SOURCE DATA
↓

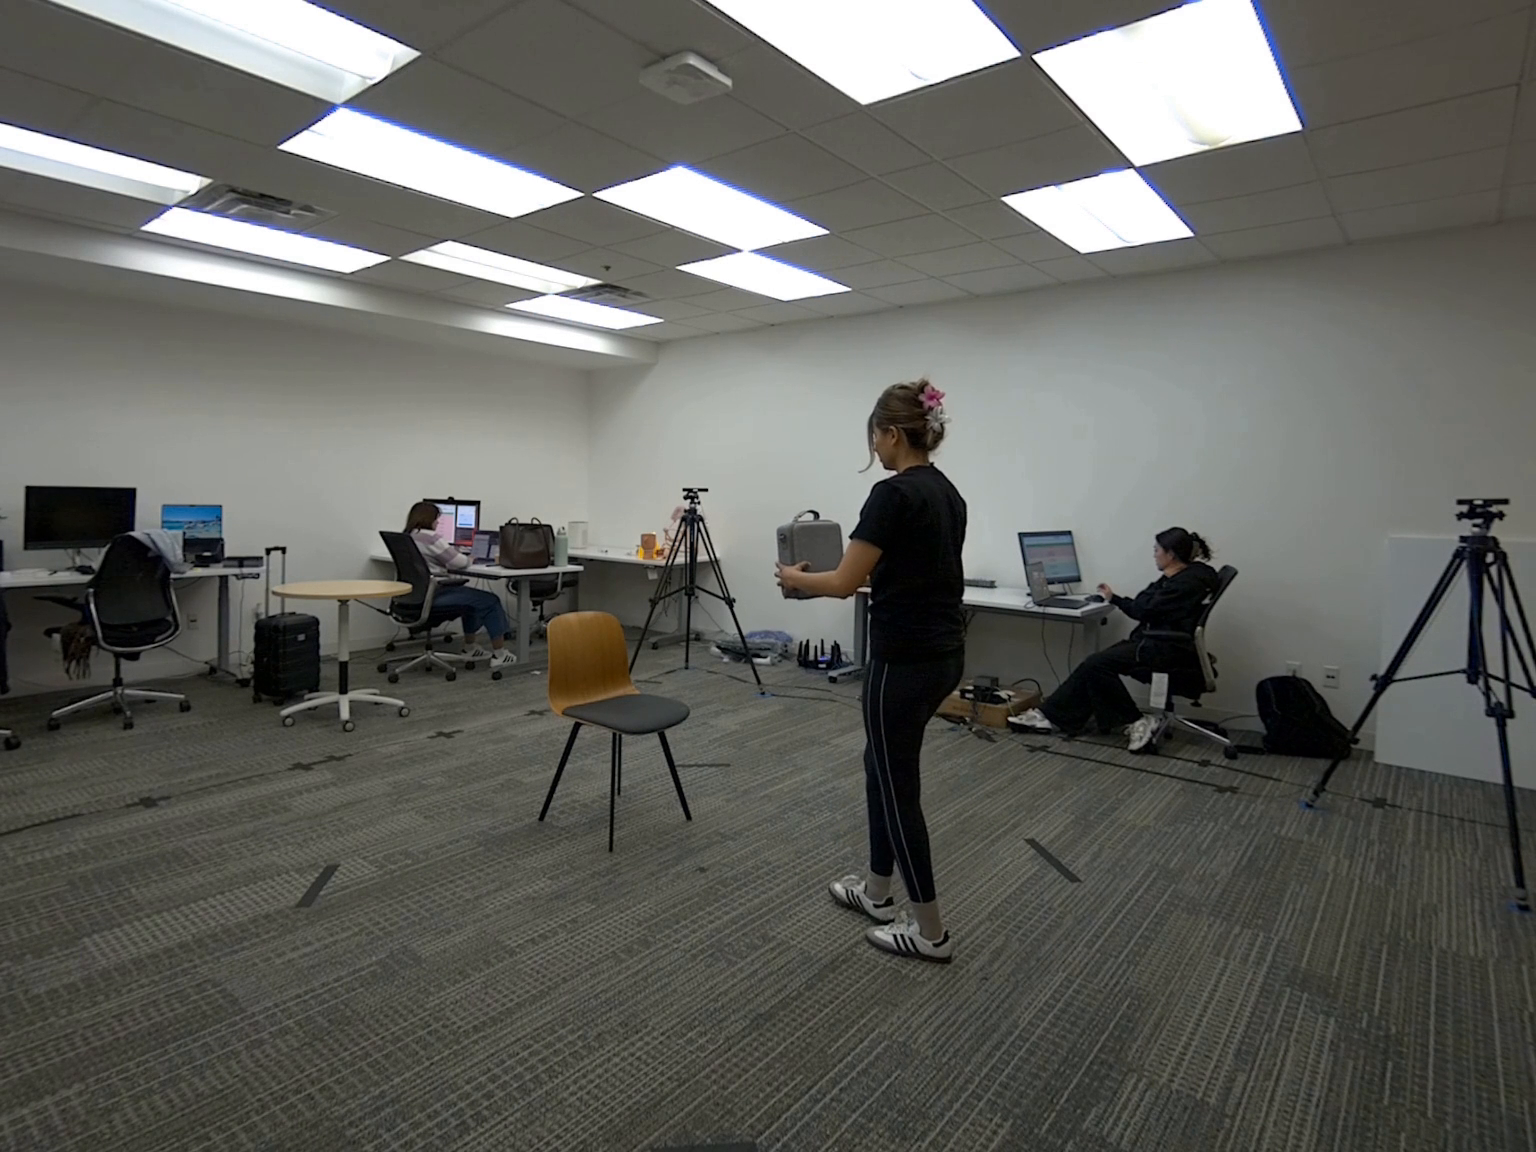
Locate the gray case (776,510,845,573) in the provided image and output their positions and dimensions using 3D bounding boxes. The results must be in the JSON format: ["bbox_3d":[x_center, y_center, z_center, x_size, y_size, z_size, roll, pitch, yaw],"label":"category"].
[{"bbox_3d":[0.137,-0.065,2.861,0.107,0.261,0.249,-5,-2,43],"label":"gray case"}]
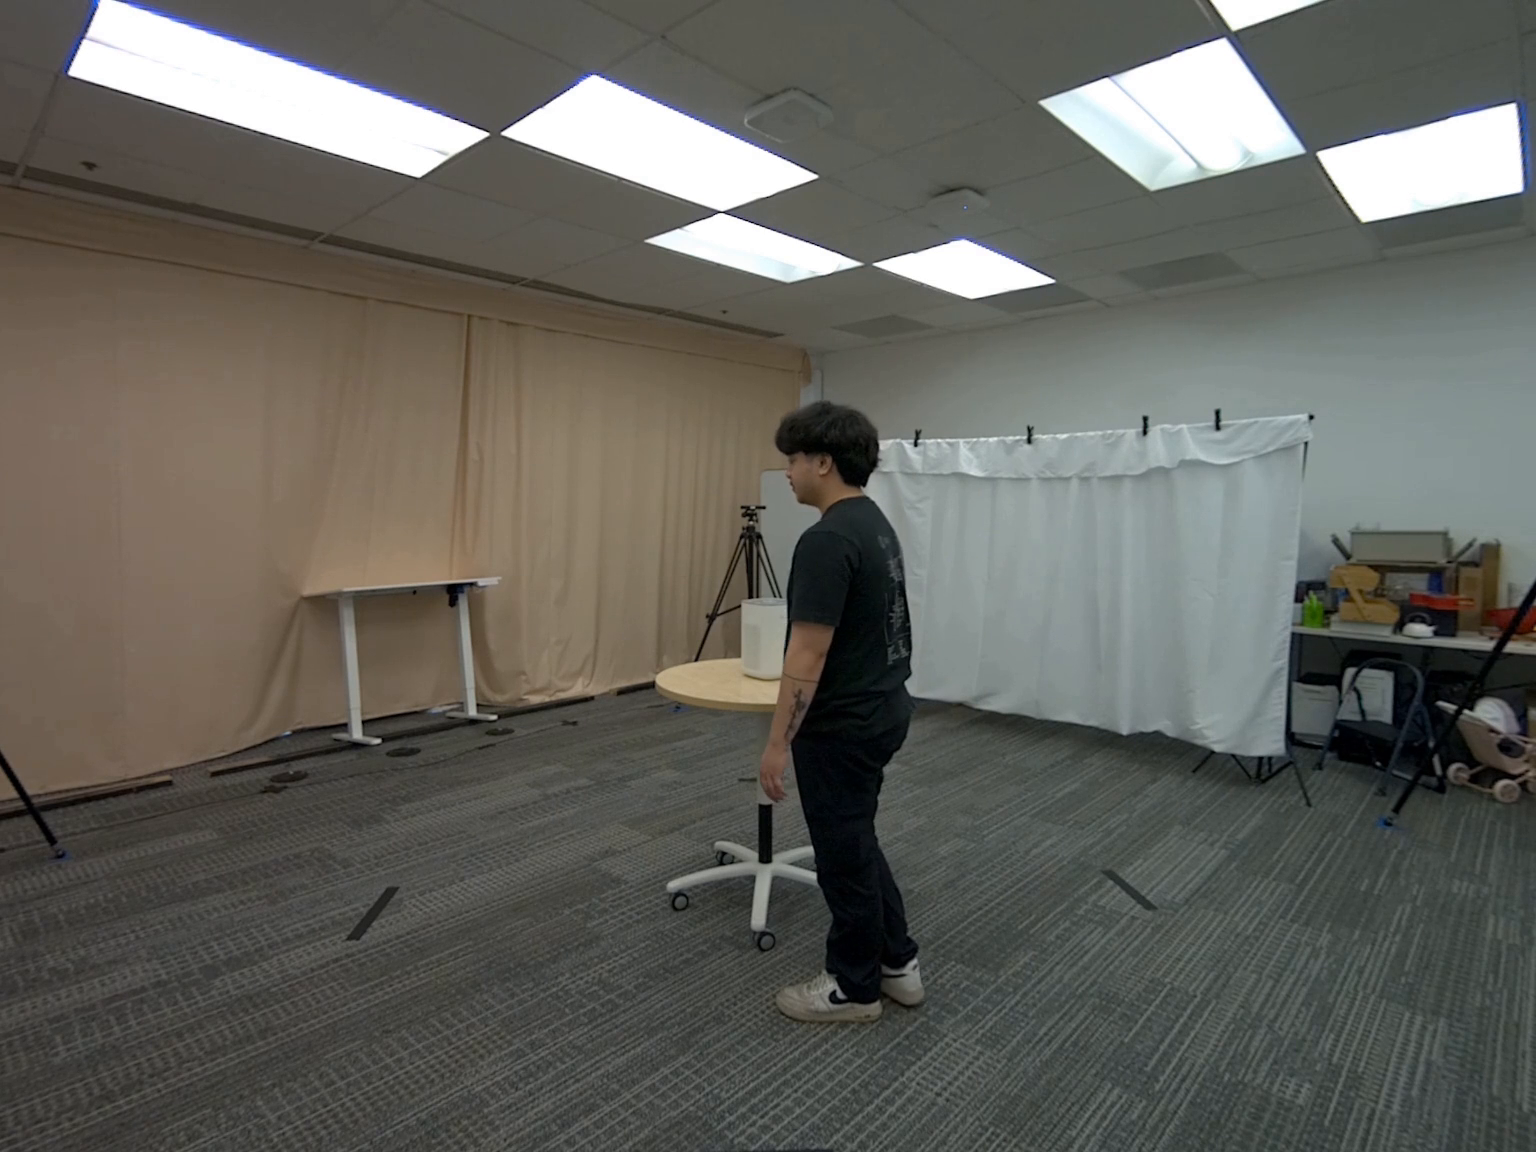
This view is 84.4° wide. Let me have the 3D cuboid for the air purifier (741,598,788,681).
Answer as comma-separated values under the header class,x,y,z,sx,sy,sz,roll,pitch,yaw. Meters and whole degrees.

↑

WHAT TO WORK ON
Everything from the line containing "This view is" through the final line above must be copied exactly, with both ends kept.

SOLUTION FOR THIS EXERCISE
This view is 84.4° wide. Let me have the 3D cuboid for the air purifier (741,598,788,681).
Answer as comma-separated values under the header class,x,y,z,sx,sy,sz,roll,pitch,yaw. Meters and whole degrees.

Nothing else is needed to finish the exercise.